The company has applied, but when progress was slow, it acquired a company that is already a member of MSA, NASCO. In the process, XXII also acquired production equipment on the cheap. All seemed to go well, the company cleaned up its balance sheet, applied for the NYSE market, and the shares started a phenomenal rally (see graph below) in anticipation of NYSE listing and approval of the NASCO acquisition.
However, the latter has still not materialized, and the shares have fallen back heavily. In an update, the company announced:
- A $45M three-year shelf registration
- A road show to U.S. institutional investors and brokers (early June)
- The approval for the NASCO acquisition is "close to being finalized"
- A 10-day trip to Asia to talk with possible joint-venture partners
- The valuable IP gives the company some downside risk protection, as these are validated by BAT.
- Upon approval of the NASCO acquisition, which can come at any moment, the company can produce, market and sell its two premium brands in the U.S.
- The Asia trip, compared with the war-chest from the shelf registration, could provide fairly rapid entry into other countries where the regulatory burden is often less onerous.
The company expects NASCO approval to arrive pretty soon.
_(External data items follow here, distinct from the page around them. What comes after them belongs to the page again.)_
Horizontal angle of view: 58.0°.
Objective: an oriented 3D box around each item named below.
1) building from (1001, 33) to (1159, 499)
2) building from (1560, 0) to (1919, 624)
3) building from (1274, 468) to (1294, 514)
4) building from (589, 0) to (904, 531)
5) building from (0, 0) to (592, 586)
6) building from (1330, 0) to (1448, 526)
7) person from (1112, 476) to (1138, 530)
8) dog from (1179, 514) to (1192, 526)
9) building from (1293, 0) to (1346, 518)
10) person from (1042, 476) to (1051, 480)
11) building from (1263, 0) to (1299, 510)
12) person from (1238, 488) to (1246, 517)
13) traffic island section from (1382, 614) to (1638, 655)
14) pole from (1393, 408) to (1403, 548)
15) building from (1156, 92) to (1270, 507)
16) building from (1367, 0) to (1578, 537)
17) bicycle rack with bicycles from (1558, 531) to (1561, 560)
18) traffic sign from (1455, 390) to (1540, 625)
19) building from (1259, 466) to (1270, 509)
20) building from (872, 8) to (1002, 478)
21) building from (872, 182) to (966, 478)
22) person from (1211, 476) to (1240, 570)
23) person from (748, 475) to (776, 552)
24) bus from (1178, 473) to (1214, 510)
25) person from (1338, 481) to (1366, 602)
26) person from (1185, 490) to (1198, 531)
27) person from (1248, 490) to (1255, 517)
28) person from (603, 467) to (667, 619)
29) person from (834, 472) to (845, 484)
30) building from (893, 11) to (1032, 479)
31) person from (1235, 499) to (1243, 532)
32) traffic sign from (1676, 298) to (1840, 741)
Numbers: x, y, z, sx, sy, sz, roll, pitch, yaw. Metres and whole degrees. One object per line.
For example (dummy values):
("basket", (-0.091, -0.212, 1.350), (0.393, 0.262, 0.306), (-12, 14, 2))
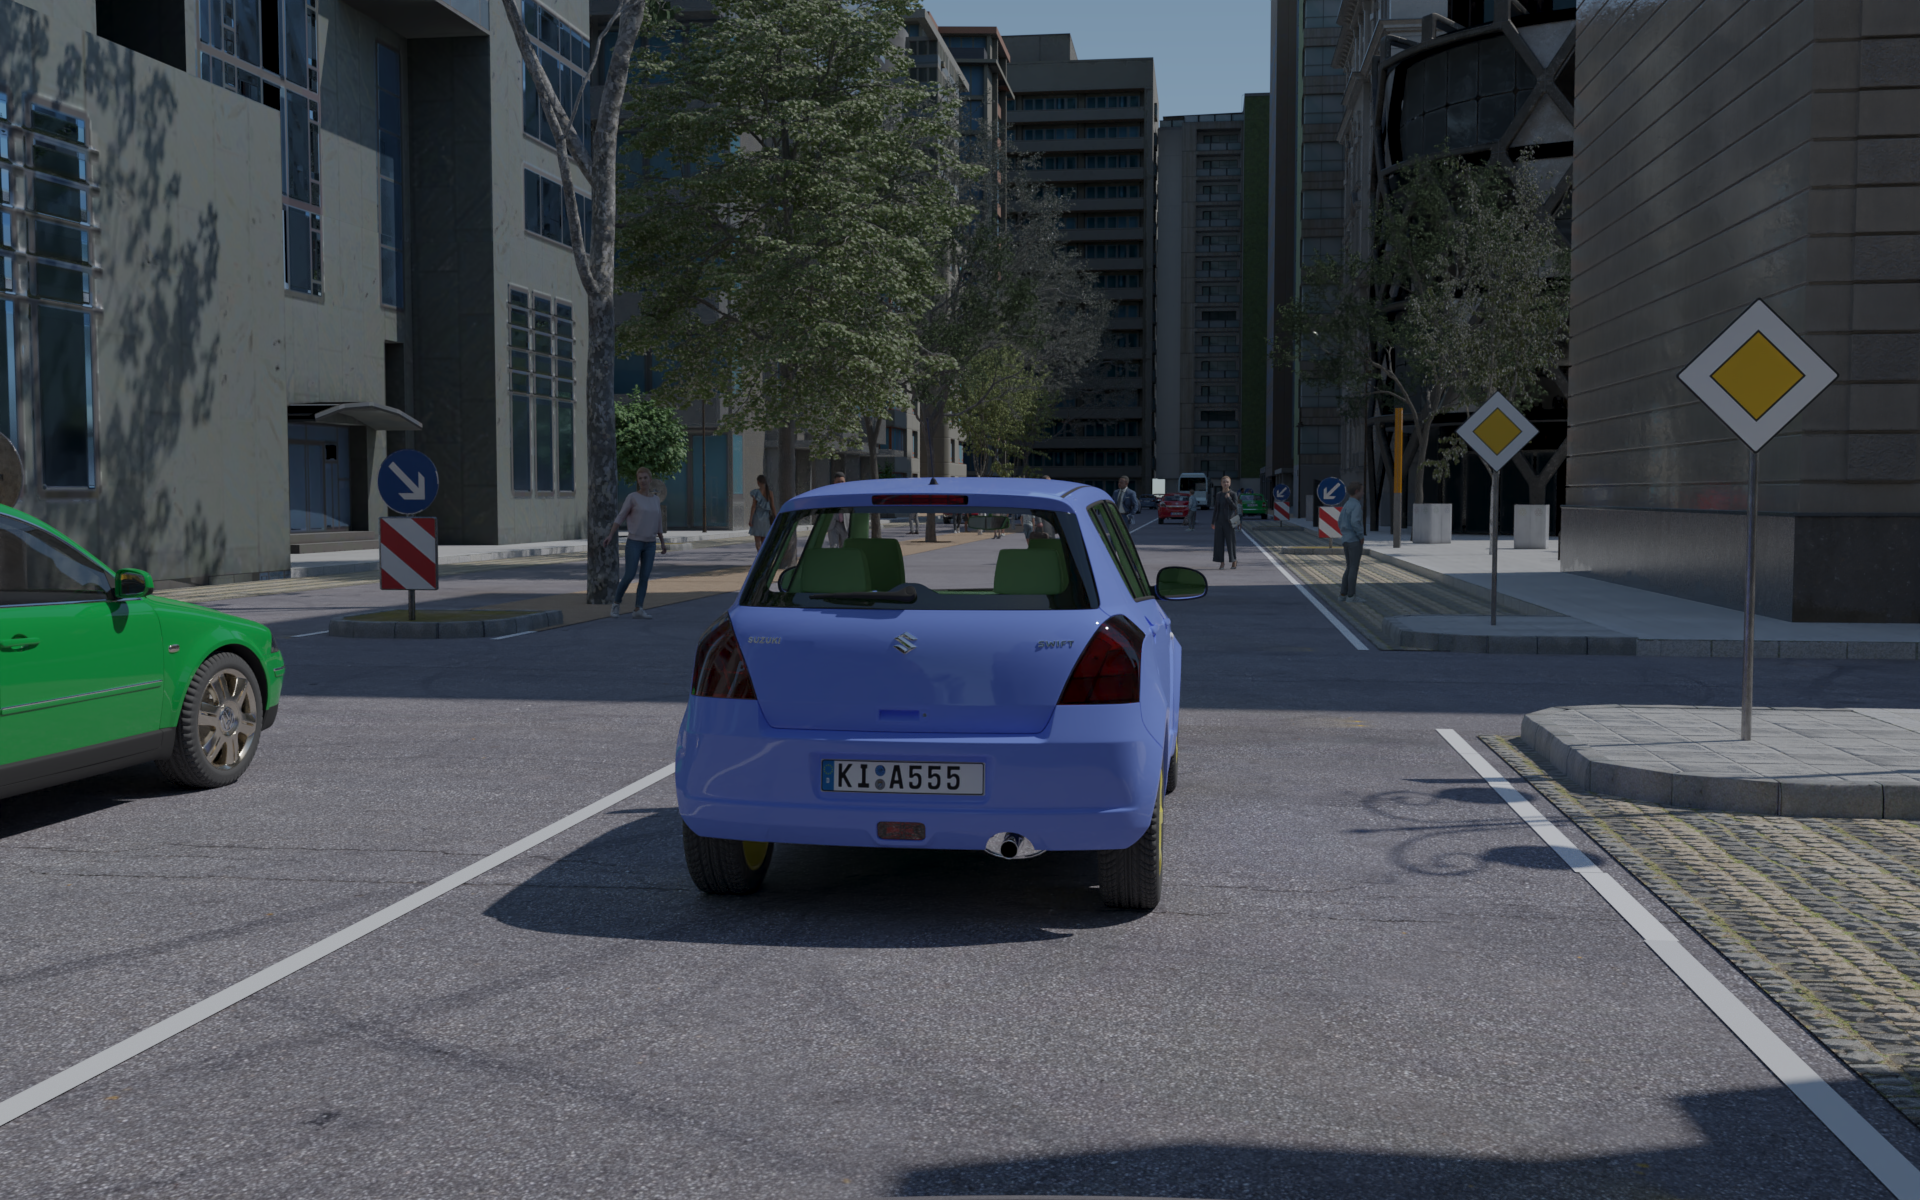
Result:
("building", (10.478, -34.443, 186.849), (21.600, 48.544, 21.300), (0, 4, 8))
("building", (21.097, -13.644, 20.345), (25.104, 27.353, 12.463), (0, 4, 8))
("building", (38.014, -25.993, 116.864), (32.217, 40.220, 23.993), (0, 4, 8))
("building", (-15.570, -27.715, 72.741), (23.786, 49.044, 30.456), (0, 4, 8))
("building", (-21.775, -44.083, 33.433), (22.319, 86.520, 31.000), (0, 4, 8))
("building", (24.400, -17.773, 77.981), (14.401, 28.519, 23.554), (0, 4, 8))
("person", (3.287, -1.634, 35.396), (0.721, 1.800, 0.419), (2, 4, 28))
("dog", (10.252, -3.775, 78.564), (0.800, 0.831, 0.513), (1, 4, 17))
("building", (26.265, -25.385, 98.637), (14.154, 41.232, 14.086), (0, 4, 8))
("person", (1.771, -1.647, 35.527), (0.767, 1.812, 0.694), (2, 4, 33))
("building", (31.716, -29.805, 137.416), (14.600, 45.320, 14.200), (0, 4, 8))
("person", (17.877, -6.178, 109.514), (0.705, 1.824, 1.348), (3, 5, 39))
("traffic island section", (5.237, 0.326, 16.943), (2.009, 0.180, 2.903), (0, 4, 8))
("pole", (10.410, -2.895, 41.168), (0.158, 3.312, 0.155), (0, 3, 0))
("building", (27.566, -30.391, 180.493), (14.086, 41.232, 14.154), (0, 4, 8))
("building", (22.073, -11.608, 57.250), (16.820, 18.784, 16.811), (0, 4, 8))
("bicycle rack with bicycles", (12.818, -1.226, 33.428), (2.852, 0.926, 2.925), (-2, 4, -34))
("traffic sign", (5.212, -0.809, 16.869), (0.795, 2.450, 0.064), (0, 4, 8))
("building", (37.586, -43.737, 153.344), (20.563, 71.187, 20.611), (0, 4, 8))
("building", (-13.078, -27.210, 136.768), (32.217, 40.220, 23.993), (0, 4, 8))
("building", (-15.259, -16.263, 110.938), (27.650, 21.520, 28.899), (0, 4, 8))
("person", (5.045, -1.470, 32.955), (0.576, 1.772, 0.534), (1, 4, 18))
("person", (-3.846, -1.548, 33.904), (0.616, 1.811, 0.778), (-1, 4, -17))
("bus", (21.604, -10.028, 158.810), (2.948, 3.499, 13.247), (1, 4, 10))
("person", (5.185, -0.765, 22.823), (0.330, 1.601, 0.589), (0, 3, 0))
("person", (9.053, -3.503, 67.588), (0.589, 1.601, 0.330), (-3, 5, -44))
("person", (18.533, -6.190, 110.647), (0.436, 1.711, 0.756), (-1, 4, -23))
("person", (-3.808, -0.657, 19.908), (0.598, 1.740, 0.731), (3, 4, 38))
("person", (-1.967, -1.196, 28.330), (0.678, 1.792, 0.850), (-1, 4, -12))
("building", (-8.505, -30.932, 160.369), (28.867, 44.769, 22.147), (0, 4, 8))
("person", (10.629, -3.236, 66.091), (0.332, 1.250, 0.352), (1, 4, 20))
("traffic sign", (4.093, -0.325, 8.962), (0.795, 2.450, 0.064), (0, 4, 8))

When that happens, it is highly likely to produce a resumption of the aborted rally. The company is all set to start distributing Red Sun cigarettes in the U.S. in the summer, if approved. You can read here that they have been ready for quite some time.
The third company which is due for a rebound is Solazyme. This is a company which has unique capabilities. SZYM is able to produce designer oils from plant-based sugars with the help of algae. Commercial production has already started in one factory, with a much bigger factory almost ready to come online.
Again, there exists some really good deep research on the company on Seeking Alpha, in the form of the articles from Kevin Quon, so we refer to those for a much more extensive take on the fundamentals. What you have to realize is that:
- SZYM is not just another biofuels company, but one that can design specific (high value-added) oils and quickly mass produce these.
- This capability is unique and opens up multiple revenue streams
For instance, the company basically stumbled on a skincare product (Algenist), Encapso, a drilling lubricant that speeds up drilling for hydrocarbons, oils that Unilever uses in soap, and it already produces four different oils in the Clinton/Galva plant that has just come online. The second, much bigger (100,000 MT) plant at Moema in Brazil is about to come into production as well. Yet, the share price has taken a really big hit:
As you can see, the shares were trading above $14 as recently as last March, but are now lingering at $9. What's going on?
- The company did a fairly large financing of just over $200M in order to take advantage of growth additional opportunities
- Start-up problems at Moema, which aren't the company's fault [there are problems with power and steam supply from Bunge's (NYSE:BG) facility], but have delayed the time-lines a bit, and management expects limited or no impact on the ramping-up of production.
We think the shares have taken too big a hit on this delay. Yes, it is still making a fairly substantial loss ($30.5M), but that's not terribly relevant at this stage, and it has sufficient cash ($336M) to see through the ramping-up of production.
Revenues are growing at triple rate and production in the two new plants will ramp-up this year. The shares are also oversold, with an RSI well below 30.
We think it's time to start accumulating the shares of this exciting growth play at these levels. Further sell-offs should be aggressively bought unless caused by some kind of disaster.
Disclosure: I am long FENG, XXII, SZYM. I wrote this article myself, and it expresses my own opinions. I am not receiving compensation for it (other than from Seeking Alpha). I have no business relationship with any company whose stock is mentioned in this article.